* _WHAT TO DO_: For the entries below, repeat exactly each line starting with the one that contains "Numbers: x, y, z, sx, sy, sz, roll, pitch, yaw." and going on through the one that contains "- wrench (753, 517, 772, 629)", and no others.

[Collected data]
□ □ □ □
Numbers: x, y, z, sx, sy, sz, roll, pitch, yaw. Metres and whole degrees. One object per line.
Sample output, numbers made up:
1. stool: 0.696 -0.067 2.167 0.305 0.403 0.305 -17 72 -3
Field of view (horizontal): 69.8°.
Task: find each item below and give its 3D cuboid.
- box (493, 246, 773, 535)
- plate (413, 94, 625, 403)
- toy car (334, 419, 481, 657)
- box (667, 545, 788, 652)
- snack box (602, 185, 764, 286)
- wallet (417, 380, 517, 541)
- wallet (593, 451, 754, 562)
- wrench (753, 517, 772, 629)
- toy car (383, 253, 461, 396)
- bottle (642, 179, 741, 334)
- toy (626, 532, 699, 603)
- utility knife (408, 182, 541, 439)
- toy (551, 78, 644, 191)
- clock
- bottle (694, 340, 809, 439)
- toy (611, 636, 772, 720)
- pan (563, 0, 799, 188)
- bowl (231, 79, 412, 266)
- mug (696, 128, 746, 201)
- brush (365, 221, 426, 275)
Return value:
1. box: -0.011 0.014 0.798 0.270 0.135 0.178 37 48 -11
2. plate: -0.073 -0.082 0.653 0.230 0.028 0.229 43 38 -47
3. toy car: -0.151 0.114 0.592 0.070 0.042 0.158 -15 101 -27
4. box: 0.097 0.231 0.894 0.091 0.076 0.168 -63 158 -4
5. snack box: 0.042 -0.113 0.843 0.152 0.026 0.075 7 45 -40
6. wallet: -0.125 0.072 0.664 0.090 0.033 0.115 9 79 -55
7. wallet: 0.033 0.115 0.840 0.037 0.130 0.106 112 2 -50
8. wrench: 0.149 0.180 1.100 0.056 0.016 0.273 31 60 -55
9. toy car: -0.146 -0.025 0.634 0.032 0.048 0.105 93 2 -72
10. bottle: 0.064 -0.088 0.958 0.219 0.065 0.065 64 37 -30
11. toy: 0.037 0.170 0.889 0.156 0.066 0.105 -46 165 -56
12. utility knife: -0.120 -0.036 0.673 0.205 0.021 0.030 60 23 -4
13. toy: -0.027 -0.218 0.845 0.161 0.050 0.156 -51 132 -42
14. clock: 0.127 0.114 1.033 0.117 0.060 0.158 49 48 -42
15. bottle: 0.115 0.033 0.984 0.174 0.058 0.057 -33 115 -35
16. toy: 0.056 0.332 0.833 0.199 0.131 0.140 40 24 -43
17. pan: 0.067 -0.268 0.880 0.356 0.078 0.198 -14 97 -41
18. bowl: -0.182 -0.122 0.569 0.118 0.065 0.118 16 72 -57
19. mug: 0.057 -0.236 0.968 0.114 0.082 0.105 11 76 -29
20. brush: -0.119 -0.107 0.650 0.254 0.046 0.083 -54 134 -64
□ □ □ □
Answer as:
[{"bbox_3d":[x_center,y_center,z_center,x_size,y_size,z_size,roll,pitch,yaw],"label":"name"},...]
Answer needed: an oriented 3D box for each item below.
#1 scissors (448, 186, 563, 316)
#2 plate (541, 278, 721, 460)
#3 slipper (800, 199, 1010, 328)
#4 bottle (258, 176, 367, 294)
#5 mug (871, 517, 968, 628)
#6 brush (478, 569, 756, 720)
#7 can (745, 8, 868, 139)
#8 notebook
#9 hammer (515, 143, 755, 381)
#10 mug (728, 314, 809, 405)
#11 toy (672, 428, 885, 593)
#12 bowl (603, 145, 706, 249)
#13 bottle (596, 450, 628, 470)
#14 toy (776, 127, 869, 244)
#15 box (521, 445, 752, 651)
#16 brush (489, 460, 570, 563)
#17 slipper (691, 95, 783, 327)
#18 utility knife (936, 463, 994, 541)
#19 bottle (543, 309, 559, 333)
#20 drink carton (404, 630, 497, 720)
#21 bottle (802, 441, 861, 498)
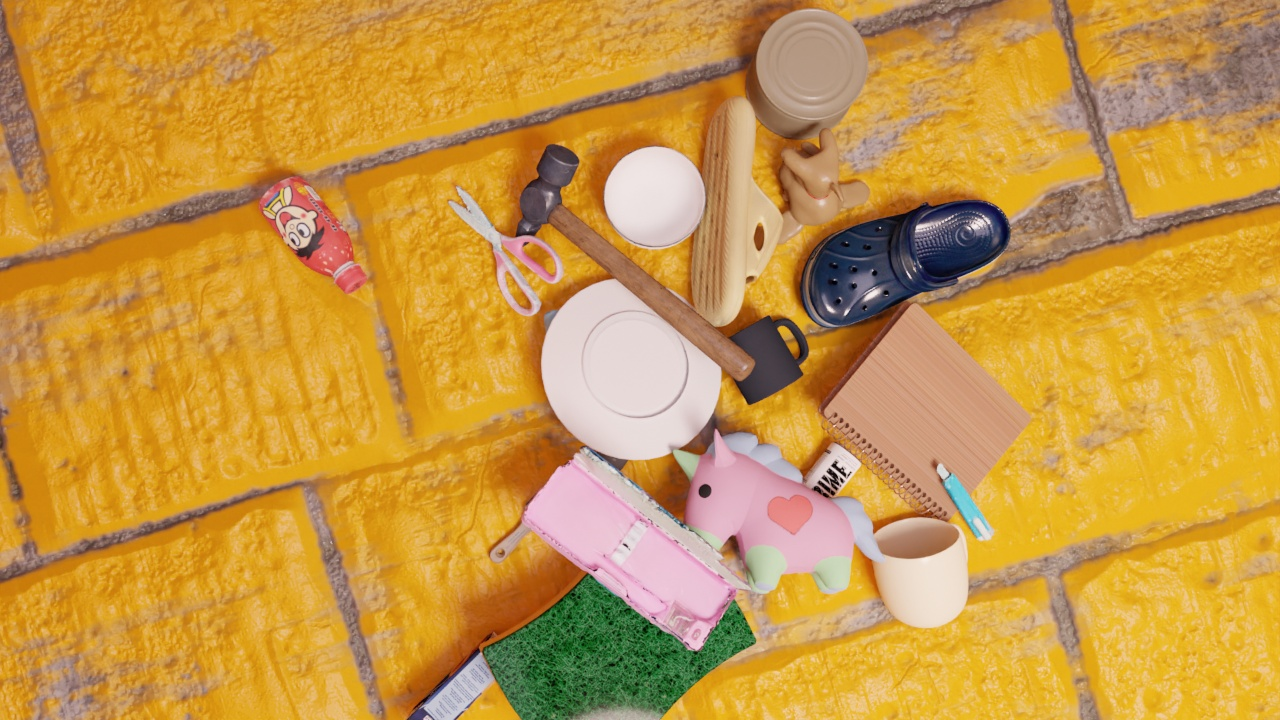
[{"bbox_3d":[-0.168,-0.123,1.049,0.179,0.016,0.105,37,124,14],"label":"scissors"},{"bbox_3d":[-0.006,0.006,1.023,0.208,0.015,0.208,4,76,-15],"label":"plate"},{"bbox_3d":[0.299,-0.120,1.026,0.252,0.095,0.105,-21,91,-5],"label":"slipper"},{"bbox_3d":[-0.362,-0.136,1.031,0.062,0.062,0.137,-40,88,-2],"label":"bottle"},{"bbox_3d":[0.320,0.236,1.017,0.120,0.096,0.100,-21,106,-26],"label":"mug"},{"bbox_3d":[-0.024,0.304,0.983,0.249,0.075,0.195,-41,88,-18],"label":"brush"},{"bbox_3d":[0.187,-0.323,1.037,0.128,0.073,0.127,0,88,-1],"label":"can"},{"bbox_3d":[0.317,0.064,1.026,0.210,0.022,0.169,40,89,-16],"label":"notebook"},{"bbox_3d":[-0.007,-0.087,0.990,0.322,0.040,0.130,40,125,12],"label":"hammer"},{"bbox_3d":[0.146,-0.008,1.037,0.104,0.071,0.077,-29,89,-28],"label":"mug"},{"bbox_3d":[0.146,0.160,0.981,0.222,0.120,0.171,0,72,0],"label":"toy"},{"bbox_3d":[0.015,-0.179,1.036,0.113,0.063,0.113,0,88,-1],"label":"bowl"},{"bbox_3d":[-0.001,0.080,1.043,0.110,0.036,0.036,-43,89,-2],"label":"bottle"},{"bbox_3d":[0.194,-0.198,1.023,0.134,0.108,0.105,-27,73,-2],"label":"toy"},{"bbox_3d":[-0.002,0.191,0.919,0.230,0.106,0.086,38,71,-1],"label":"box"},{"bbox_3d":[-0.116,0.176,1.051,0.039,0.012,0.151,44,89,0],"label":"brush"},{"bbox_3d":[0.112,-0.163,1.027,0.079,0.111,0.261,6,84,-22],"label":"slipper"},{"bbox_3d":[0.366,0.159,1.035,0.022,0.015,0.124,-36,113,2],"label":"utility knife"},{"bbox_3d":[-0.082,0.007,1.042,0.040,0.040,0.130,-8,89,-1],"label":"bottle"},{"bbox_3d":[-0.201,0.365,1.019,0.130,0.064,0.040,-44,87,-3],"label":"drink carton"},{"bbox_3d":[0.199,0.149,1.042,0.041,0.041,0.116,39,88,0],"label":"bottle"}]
□ □ □ □
* _WRITTEN RESPONSE_:
Numbers: x, y, z, sx, sy, sz, roll, pitch, yaw. Metres and whole degrees. One object per line.
Sample output, numbers made up:
1. stool: 0.696 -0.067 2.167 0.305 0.403 0.305 -17 72 -3
Field of view (horizontal): 69.8°.
Task: find each item below and give its 3D cuboid.
- box (493, 246, 773, 535)
- plate (413, 94, 625, 403)
- toy car (334, 419, 481, 657)
- box (667, 545, 788, 652)
- snack box (602, 185, 764, 286)
- wallet (417, 380, 517, 541)
- wallet (593, 451, 754, 562)
- wrench (753, 517, 772, 629)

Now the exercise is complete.